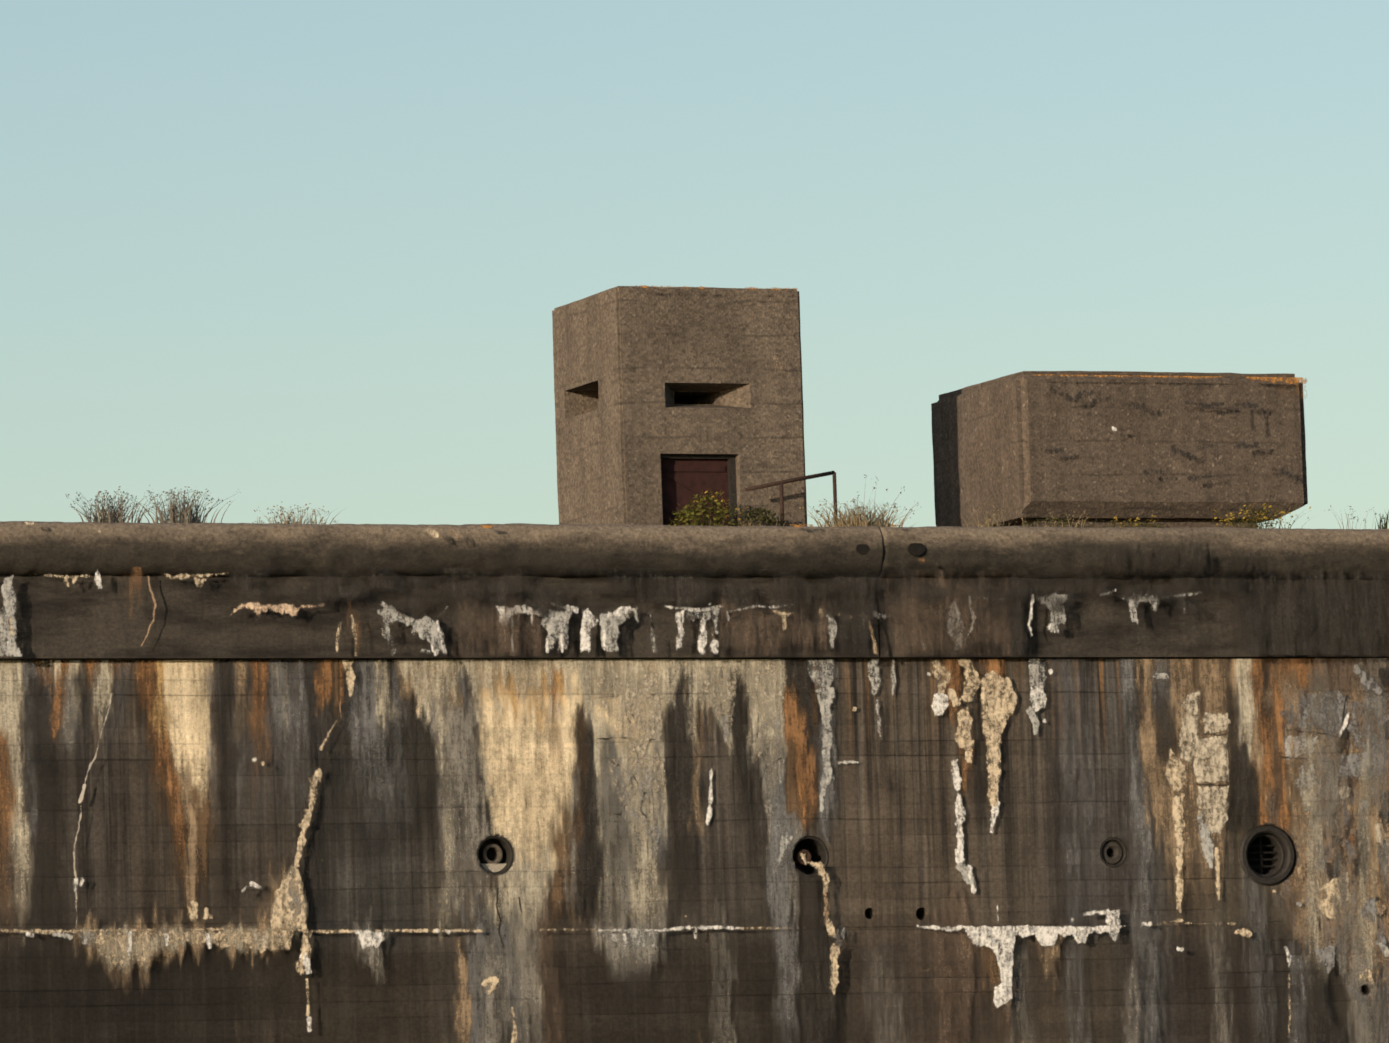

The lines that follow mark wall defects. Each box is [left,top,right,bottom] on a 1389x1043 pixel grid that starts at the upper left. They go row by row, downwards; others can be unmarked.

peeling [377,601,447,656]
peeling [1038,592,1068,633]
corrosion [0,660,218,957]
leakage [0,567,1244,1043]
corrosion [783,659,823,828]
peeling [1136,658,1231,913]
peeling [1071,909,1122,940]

┄┄┄┄┄┄┄┄┄┄┄┄┄┄┄┄┄┄┄┄

■ **Problem**
Could you copy the listing above exactly, without its pictures?

■ **Answer below**
The lines that follow mark wall defects. Each box is [left,top,right,bottom] on a 1389x1043 pixel grid that starts at the upper left. They go row by row, downwards; others can be unmarked.

peeling [377,601,447,656]
peeling [1038,592,1068,633]
corrosion [0,660,218,957]
leakage [0,567,1244,1043]
corrosion [783,659,823,828]
peeling [1136,658,1231,913]
peeling [1071,909,1122,940]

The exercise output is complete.